Brief: Every entry must be transcribed exactly. Pictures are not part of the copy.
#####
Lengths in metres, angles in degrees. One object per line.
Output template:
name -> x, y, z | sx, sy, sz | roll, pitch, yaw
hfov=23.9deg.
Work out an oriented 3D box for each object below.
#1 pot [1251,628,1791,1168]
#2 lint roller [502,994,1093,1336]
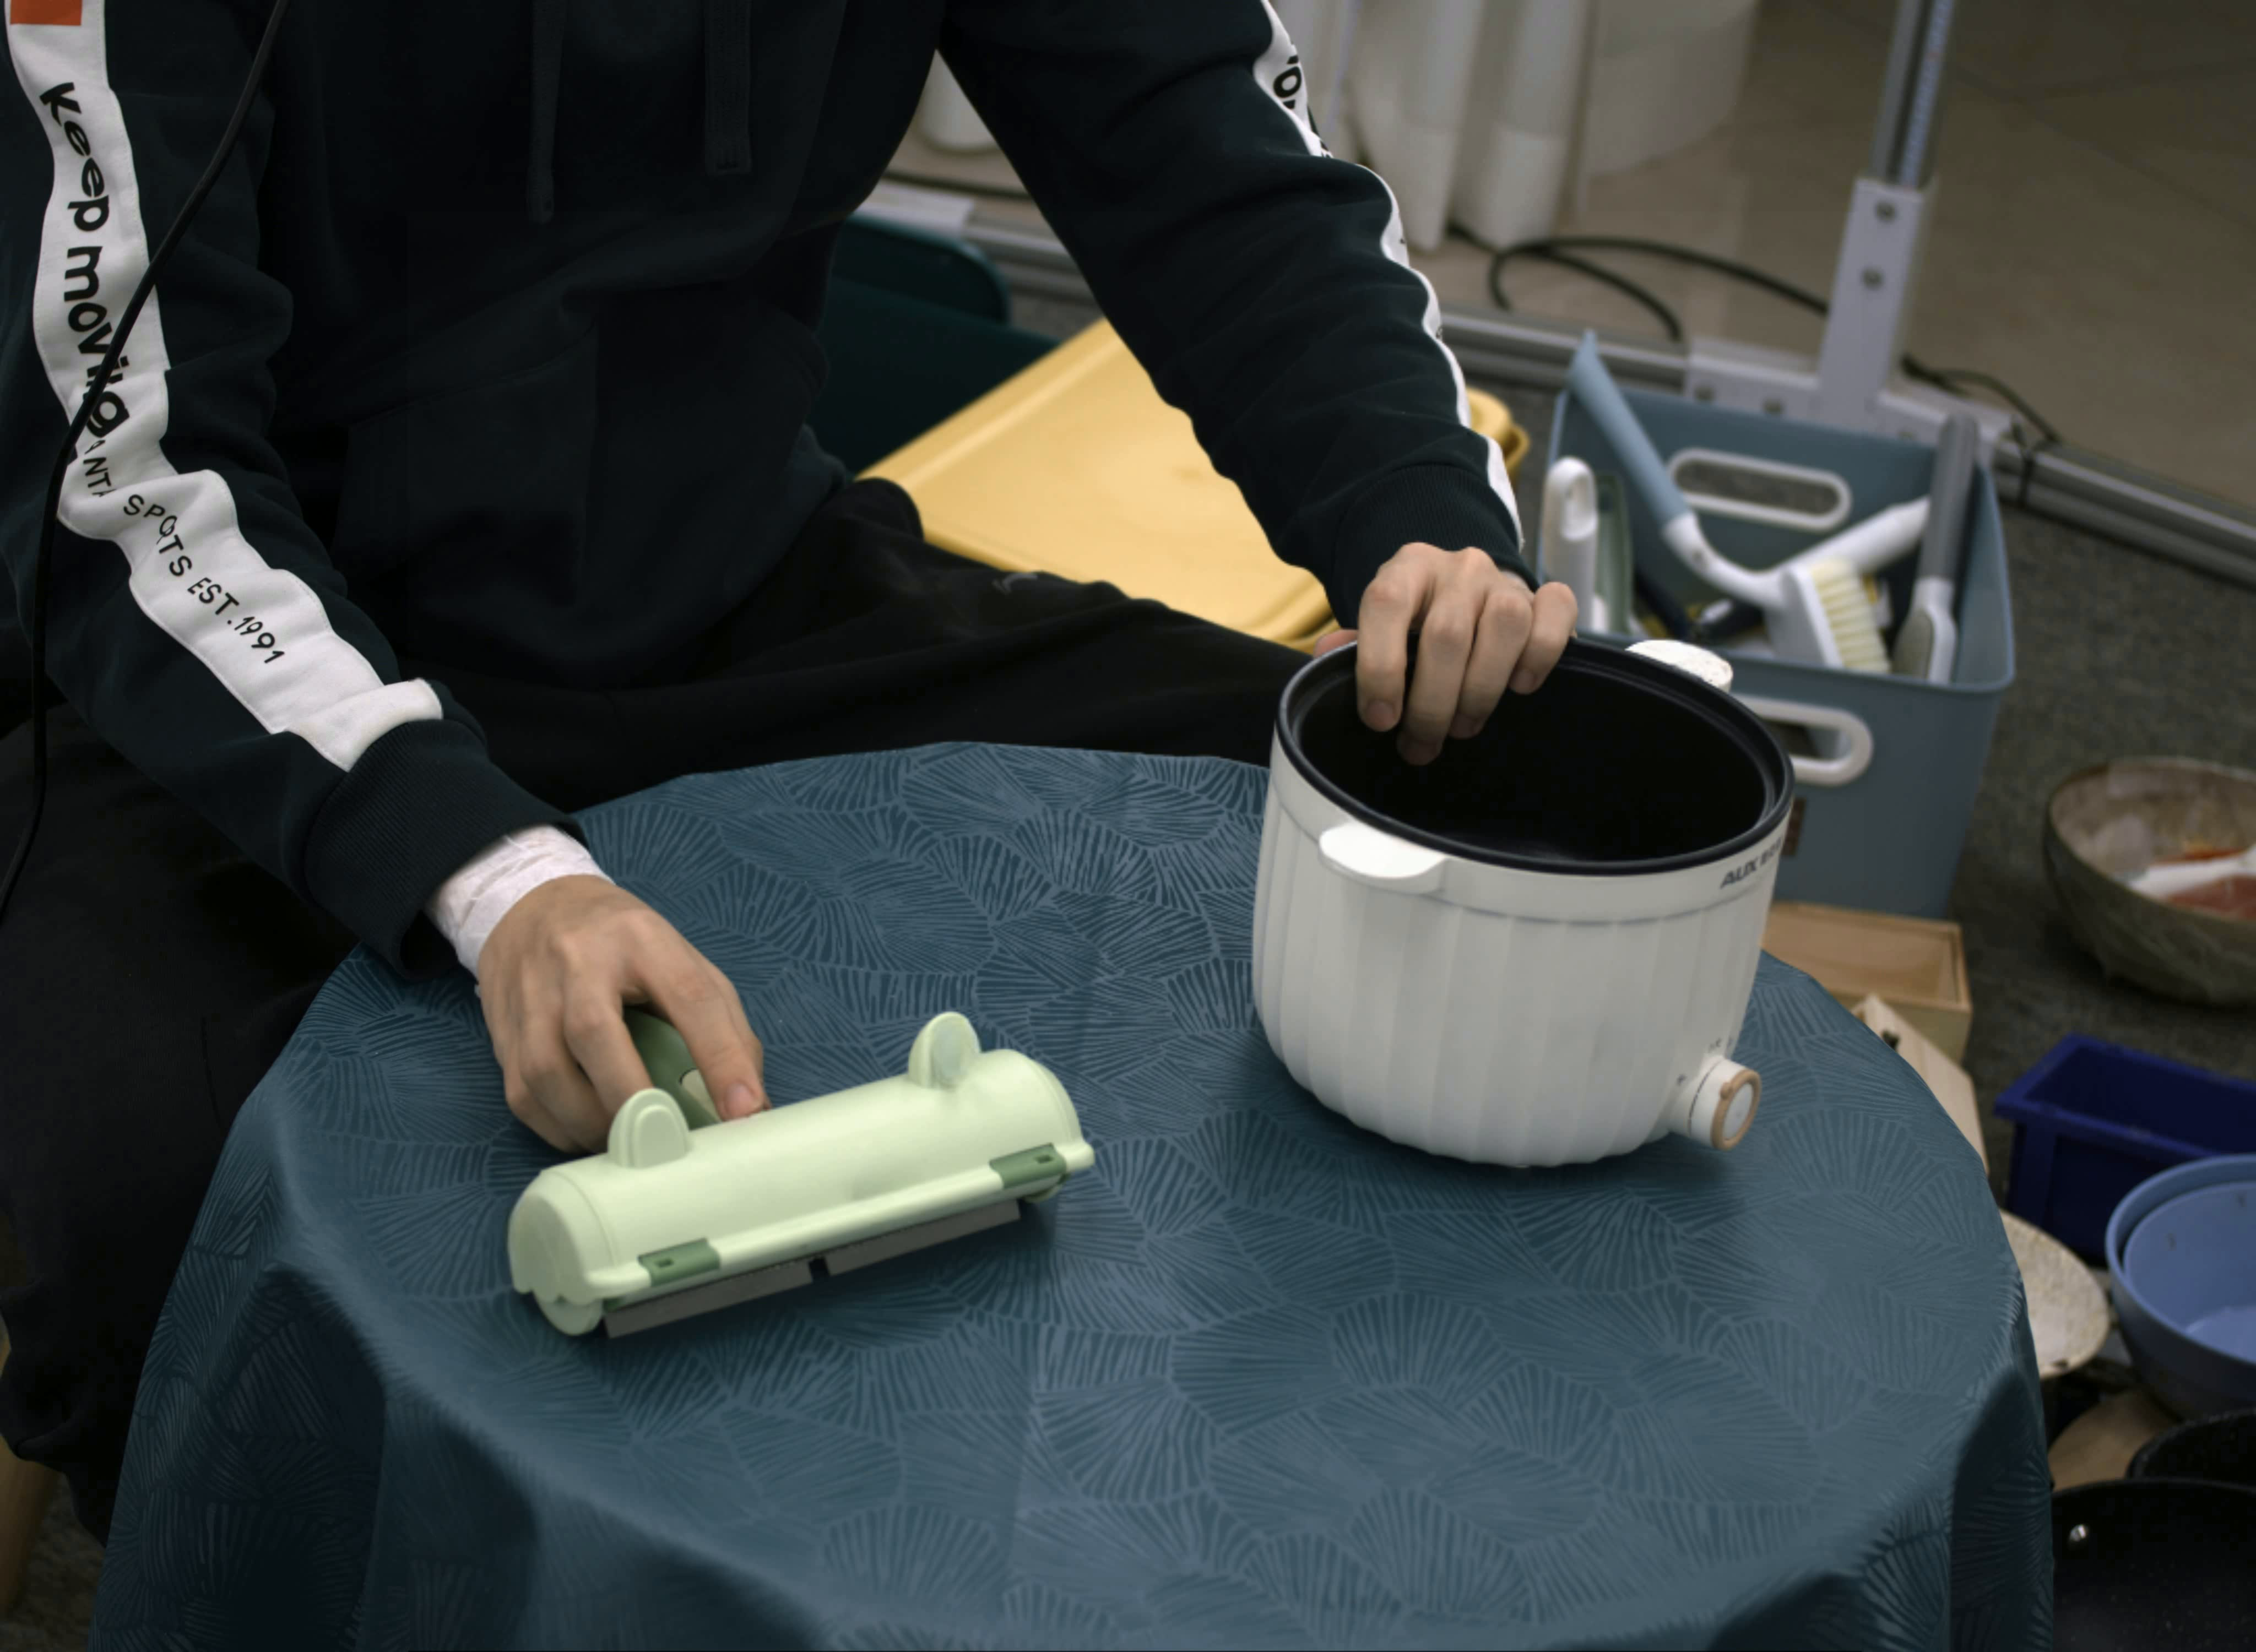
pot -> 0.138, 0.031, 1.860 | 0.191, 0.142, 0.240 | 19, 30, 30
lint roller -> -0.138, 0.084, 1.762 | 0.197, 0.082, 0.185 | -13, 38, -33
#####
Solution to the problem:
Lengths in metres, angles in degrees. One object per line.
Output template:
name -> x, y, z | sx, sy, sz | roll, pitch, yaw
hfov=23.9deg.
Work out an oriented 3D box for each object below.
#1 pot [1251,628,1791,1168]
#2 lint roller [502,994,1093,1336]
pot -> 0.138, 0.031, 1.860 | 0.191, 0.142, 0.240 | 19, 30, 30
lint roller -> -0.138, 0.084, 1.762 | 0.197, 0.082, 0.185 | -13, 38, -33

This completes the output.